[[ DATA FOR THIS EXERCISE open ]]

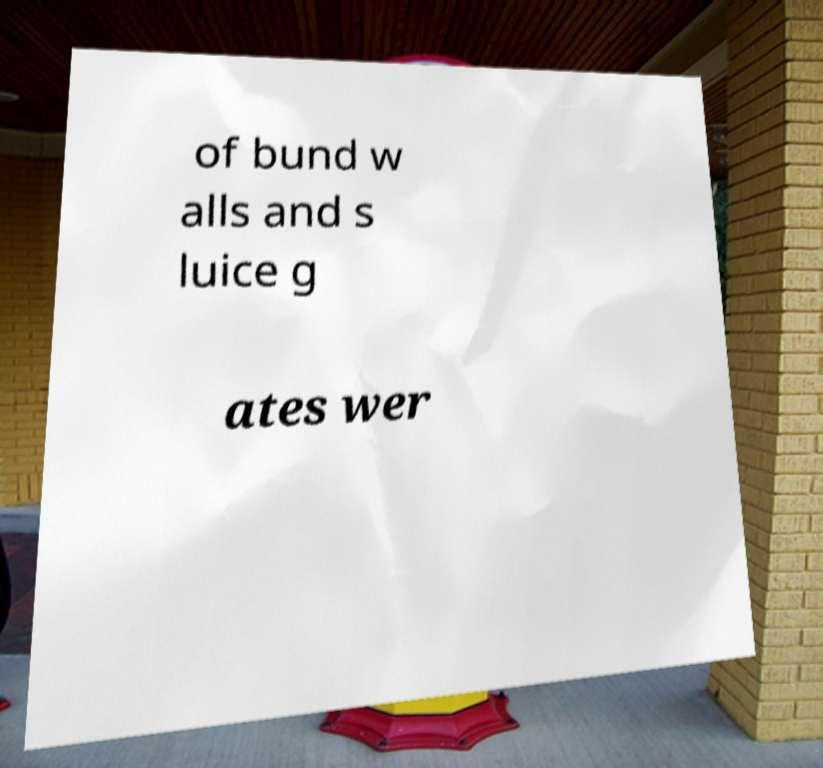Could you assist in decoding the text presented in this image and type it out clearly? of bund w alls and s luice g ates wer 
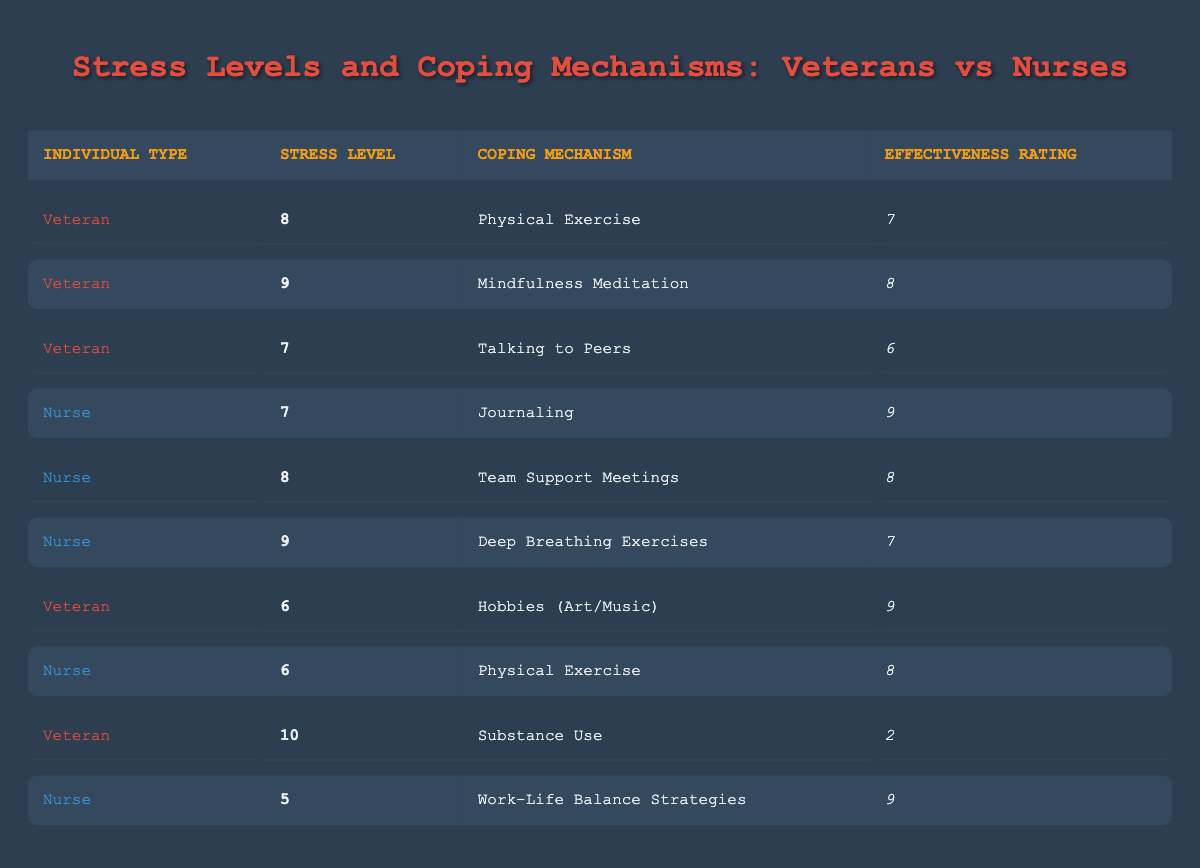What is the stress level of the veteran using "Mindfulness Meditation"? The table shows that the stress level of the veteran using "Mindfulness Meditation" is listed in the second row, where it specifically states the stress level is 9.
Answer: 9 What coping mechanism has the highest effectiveness rating among nurses? The table indicates that "Journaling" has an effectiveness rating of 9, which is the highest among all the coping mechanisms listed under nurses.
Answer: Journaling What is the difference in stress levels between the veteran using "Hobbies (Art/Music)" and the nurse using "Work-Life Balance Strategies"? The stress level for the veteran using "Hobbies (Art/Music)" is 6, while the stress level for the nurse using "Work-Life Balance Strategies" is 5. The difference is 6 - 5 = 1.
Answer: 1 Does any veteran have an effectiveness rating lower than 4? Referring to the table, the veteran using "Substance Use" has an effectiveness rating of 2, which is lower than 4. Therefore, the answer is yes.
Answer: Yes What is the average effectiveness rating for all coping mechanisms used by veterans? The effectiveness ratings for veterans are: 7, 8, 6, 9, and 2. To find the average, sum these values (7 + 8 + 6 + 9 + 2) = 32, and divide by 5 (number of entries) gives us 32 / 5 = 6.4.
Answer: 6.4 How many coping mechanisms have effectiveness ratings of 8 or higher? The coping mechanisms with effectiveness ratings of 8 or higher are: "Physical Exercise" (Veteran), "Mindfulness Meditation" (Veteran), "Journaling" (Nurse), and "Work-Life Balance Strategies" (Nurse). In total, there are 4 coping mechanisms that fit this criteria.
Answer: 4 Is "Team Support Meetings" considered a coping mechanism with a stress level of 8 and effectiveness rating of 8? Reviewing the table, "Team Support Meetings" indeed has a stress level of 8 and an effectiveness rating of 8. Therefore, the statement is true.
Answer: Yes Which individual type has the highest stress level listed in the table? The highest stress level in the table is 10, which corresponds to a veteran who uses "Substance Use." Hence, the individual type with the highest stress level is the veteran.
Answer: Veteran What percentage of the listed coping mechanisms for nurses have effectiveness ratings of 7 or above? The effectiveness ratings for nurses are: 9 (Journaling), 8 (Team Support Meetings), 7 (Deep Breathing Exercises), 8 (Physical Exercise), and 9 (Work-Life Balance Strategies). Out of 5 coping mechanisms, 5 have ratings of 7 or above, giving a percentage of (5/5) * 100 = 100%.
Answer: 100% 
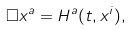<formula> <loc_0><loc_0><loc_500><loc_500>\square x ^ { a } = H ^ { a } ( t , x ^ { i } ) ,</formula> 
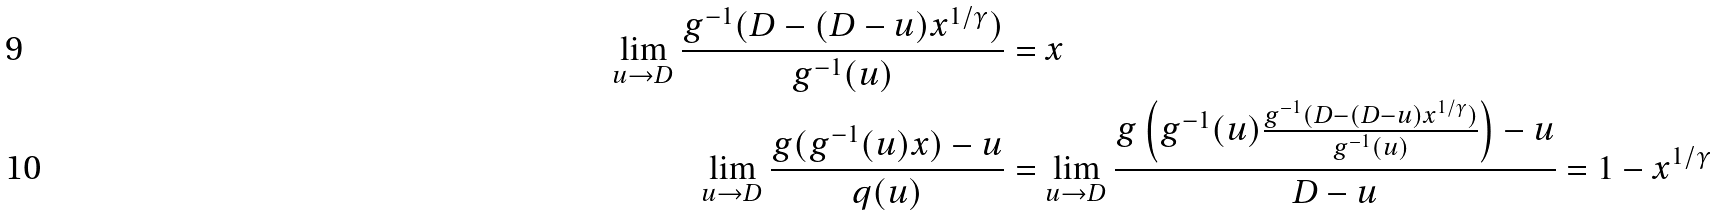Convert formula to latex. <formula><loc_0><loc_0><loc_500><loc_500>\lim _ { u \to D } \frac { g ^ { - 1 } ( D - ( D - u ) x ^ { 1 / \gamma } ) } { g ^ { - 1 } ( u ) } & = x \\ \lim _ { u \to D } \frac { g ( g ^ { - 1 } ( u ) x ) - u } { q ( u ) } & = \lim _ { u \to D } \frac { g \left ( g ^ { - 1 } ( u ) \frac { g ^ { - 1 } ( D - ( D - u ) x ^ { 1 / \gamma } ) } { g ^ { - 1 } ( u ) } \right ) - u } { D - u } = 1 - x ^ { 1 / \gamma }</formula> 
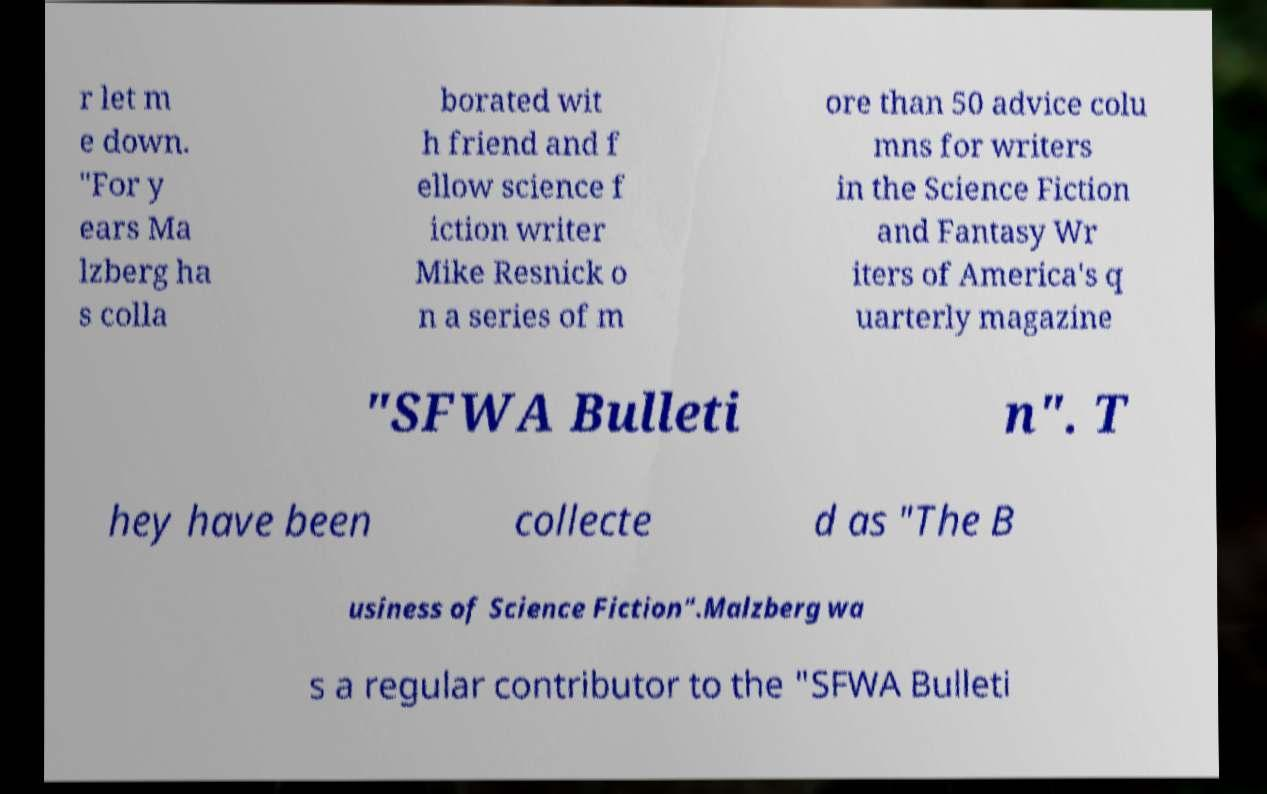Could you extract and type out the text from this image? r let m e down. "For y ears Ma lzberg ha s colla borated wit h friend and f ellow science f iction writer Mike Resnick o n a series of m ore than 50 advice colu mns for writers in the Science Fiction and Fantasy Wr iters of America's q uarterly magazine "SFWA Bulleti n". T hey have been collecte d as "The B usiness of Science Fiction".Malzberg wa s a regular contributor to the "SFWA Bulleti

[[ DATA FOR THIS EXERCISE closed ]]

*EXERCISE AIM*
Your response must reproduce the listing above word for word and must contain none of its pictures.

*YOUR RESPONSE*
Could you assist in decoding the text presented in this image and type it out clearly? of bund w alls and s luice g ates wer 
What is the stress level of the veteran using "Mindfulness Meditation"? The table shows that the stress level of the veteran using "Mindfulness Meditation" is listed in the second row, where it specifically states the stress level is 9.
Answer: 9 What coping mechanism has the highest effectiveness rating among nurses? The table indicates that "Journaling" has an effectiveness rating of 9, which is the highest among all the coping mechanisms listed under nurses.
Answer: Journaling What is the difference in stress levels between the veteran using "Hobbies (Art/Music)" and the nurse using "Work-Life Balance Strategies"? The stress level for the veteran using "Hobbies (Art/Music)" is 6, while the stress level for the nurse using "Work-Life Balance Strategies" is 5. The difference is 6 - 5 = 1.
Answer: 1 Does any veteran have an effectiveness rating lower than 4? Referring to the table, the veteran using "Substance Use" has an effectiveness rating of 2, which is lower than 4. Therefore, the answer is yes.
Answer: Yes What is the average effectiveness rating for all coping mechanisms used by veterans? The effectiveness ratings for veterans are: 7, 8, 6, 9, and 2. To find the average, sum these values (7 + 8 + 6 + 9 + 2) = 32, and divide by 5 (number of entries) gives us 32 / 5 = 6.4.
Answer: 6.4 How many coping mechanisms have effectiveness ratings of 8 or higher? The coping mechanisms with effectiveness ratings of 8 or higher are: "Physical Exercise" (Veteran), "Mindfulness Meditation" (Veteran), "Journaling" (Nurse), and "Work-Life Balance Strategies" (Nurse). In total, there are 4 coping mechanisms that fit this criteria.
Answer: 4 Is "Team Support Meetings" considered a coping mechanism with a stress level of 8 and effectiveness rating of 8? Reviewing the table, "Team Support Meetings" indeed has a stress level of 8 and an effectiveness rating of 8. Therefore, the statement is true.
Answer: Yes Which individual type has the highest stress level listed in the table? The highest stress level in the table is 10, which corresponds to a veteran who uses "Substance Use." Hence, the individual type with the highest stress level is the veteran.
Answer: Veteran What percentage of the listed coping mechanisms for nurses have effectiveness ratings of 7 or above? The effectiveness ratings for nurses are: 9 (Journaling), 8 (Team Support Meetings), 7 (Deep Breathing Exercises), 8 (Physical Exercise), and 9 (Work-Life Balance Strategies). Out of 5 coping mechanisms, 5 have ratings of 7 or above, giving a percentage of (5/5) * 100 = 100%.
Answer: 100% 
<formula> <loc_0><loc_0><loc_500><loc_500>\square x ^ { a } = H ^ { a } ( t , x ^ { i } ) ,</formula> 
Convert formula to latex. <formula><loc_0><loc_0><loc_500><loc_500>\lim _ { u \to D } \frac { g ^ { - 1 } ( D - ( D - u ) x ^ { 1 / \gamma } ) } { g ^ { - 1 } ( u ) } & = x \\ \lim _ { u \to D } \frac { g ( g ^ { - 1 } ( u ) x ) - u } { q ( u ) } & = \lim _ { u \to D } \frac { g \left ( g ^ { - 1 } ( u ) \frac { g ^ { - 1 } ( D - ( D - u ) x ^ { 1 / \gamma } ) } { g ^ { - 1 } ( u ) } \right ) - u } { D - u } = 1 - x ^ { 1 / \gamma }</formula> 
Could you extract and type out the text from this image? r let m e down. "For y ears Ma lzberg ha s colla borated wit h friend and f ellow science f iction writer Mike Resnick o n a series of m ore than 50 advice colu mns for writers in the Science Fiction and Fantasy Wr iters of America's q uarterly magazine "SFWA Bulleti n". T hey have been collecte d as "The B usiness of Science Fiction".Malzberg wa s a regular contributor to the "SFWA Bulleti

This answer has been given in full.